Silenzio. La pandemia e l’urgenza di portare i sieri a disposizione dei governi erano un ottimo pretesto per non rispondere alle domande che qualche guastatore si permetteva di avanzare. Mi sentivo rispondere: “Meno male che c’è l’Unione che si presta come centrale di acquisto così da sconfiggere gli egoismi dei singoli Paesi: è un grande passo in avanti che fa l’Europa”. Noi volevamo soltanto avere qualche informazione su contratti miliardari e, anzi, mi sembrava strano che la trasparenza interessasse solo a noi. Aggiungo che la trasparenza riguardava i contratti nel loro insieme, cioè dalla trattativa sul costo alle responsabilità in caso di reazioni avverse, passando ovviamente sulla garanzie mediche visto che si avviava una vaccinazione di massa. Insomma, domande di buon senso alle quali mai nessuno ha voluto dare risposta.

 


A dirla tutta, l’unica risposta fu una presa in giro per quella istituzione di cui adesso si chiede a gran voce il rinnovo cioè l’europarlamento: il contratto arrivò ma coperto da bande nere; insomma era illeggibile. Soltanto dopo quasi due anni si conobbe il contenuto.
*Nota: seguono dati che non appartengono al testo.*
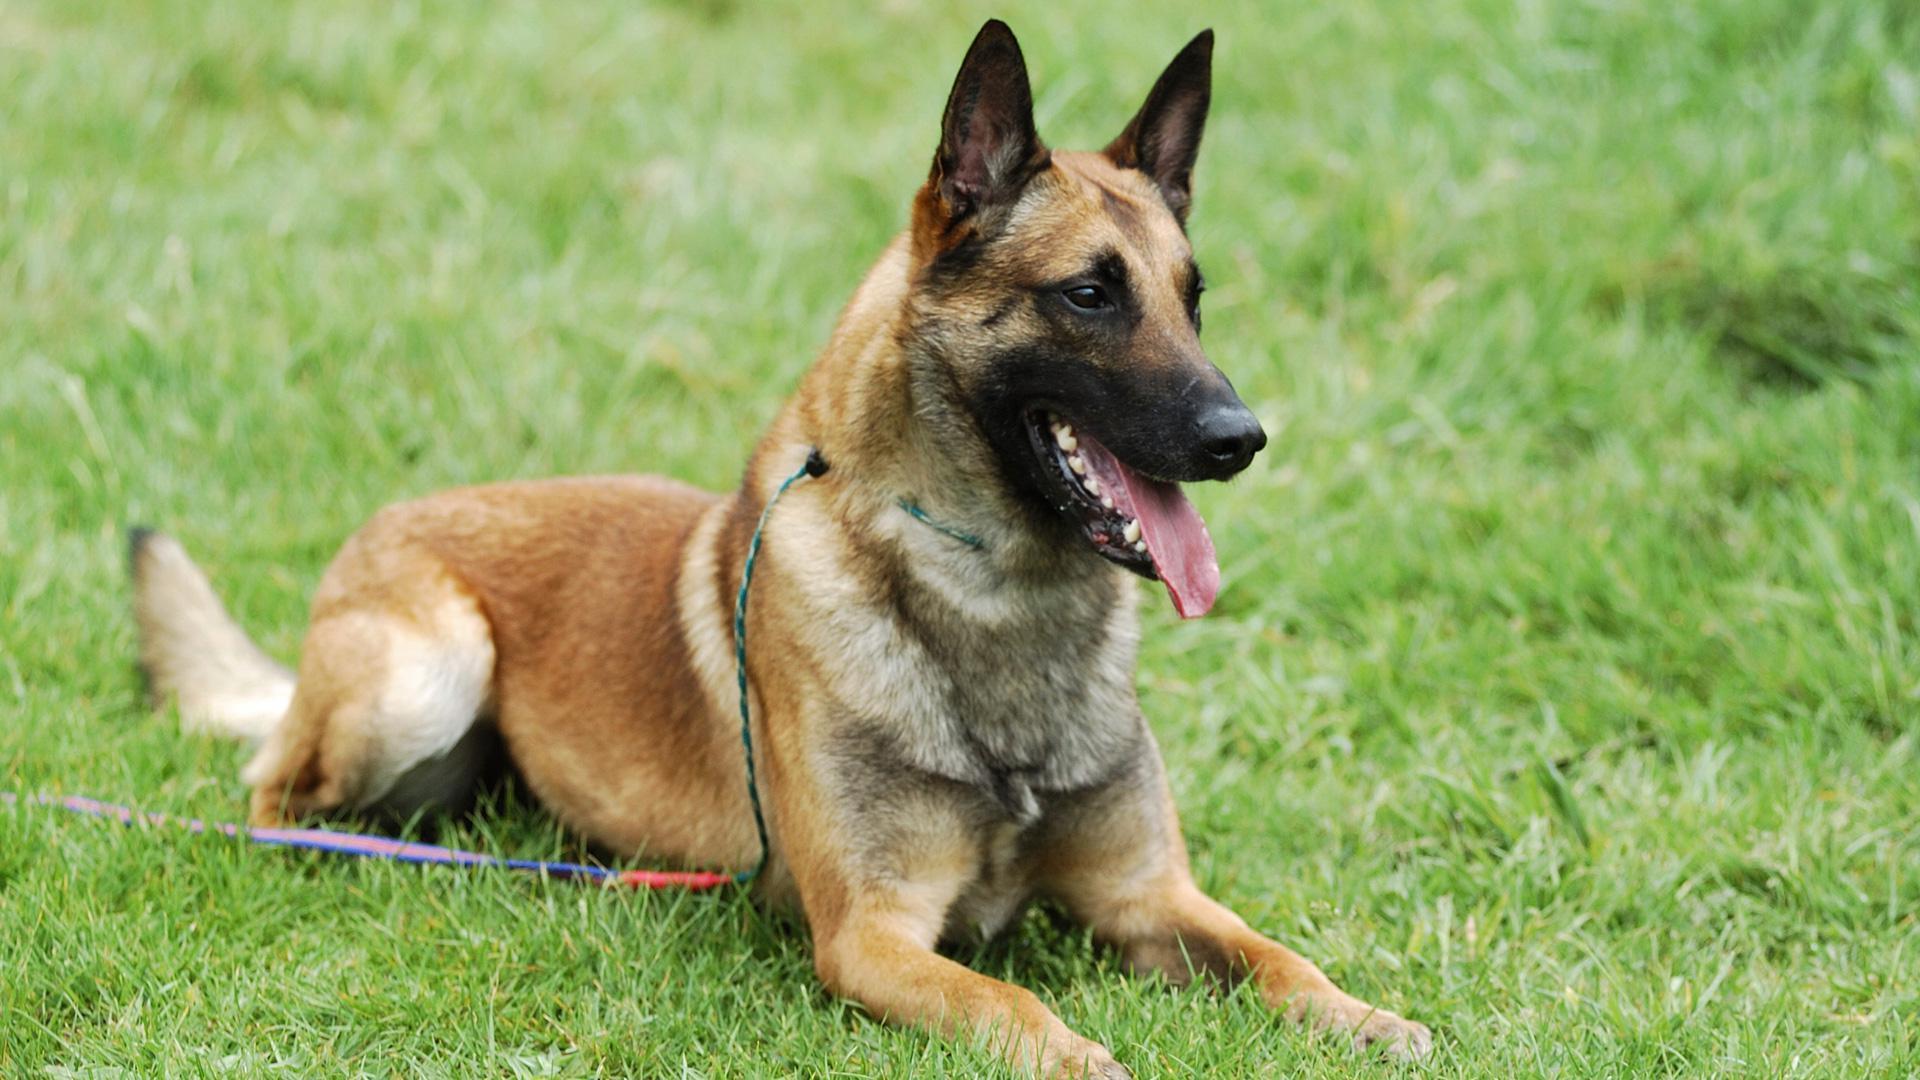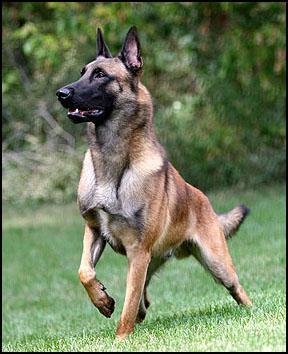The first image is the image on the left, the second image is the image on the right. For the images shown, is this caption "One german shepherd is standing and the other german shepherd is posed with its front paws extended; at least one dog wears a collar and leash but no dog wears a muzzle." true? Answer yes or no. Yes. 
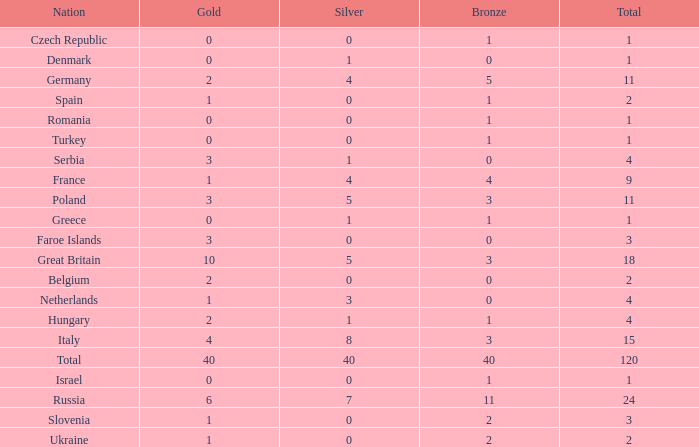What Nation has a Gold entry that is greater than 0, a Total that is greater than 2, a Silver entry that is larger than 1, and 0 Bronze? Netherlands.

Ora, ecco le indagini della procura europea evidentemente insospettita dalla segretezza della negoziazione, dalle reticenze della commissione e dalla irreperibilità degli scambi tra la von der Leyen e Bourla, ceo della Pfizer unico interlocutore industriale visto che la britannica AstraZeneca era stata tagliata fuori per problemi di consegna. Sulla vicenda dopo una prima denuncia da parte di un sito tedesco che chiedeva invano l’accesso agli atti, era arrivata anche la denuncia da parte del New York Times che parlò di “diplomazia personale” della signora Ursula rispetto all’ 1,8 miliardi di dosi da consegnare tra la fine del 2021 e il 2023. Da allora a oggi la Commissione ha preferito coprire la presidente, una strategia che indebolisce sempre più la von der Leyen.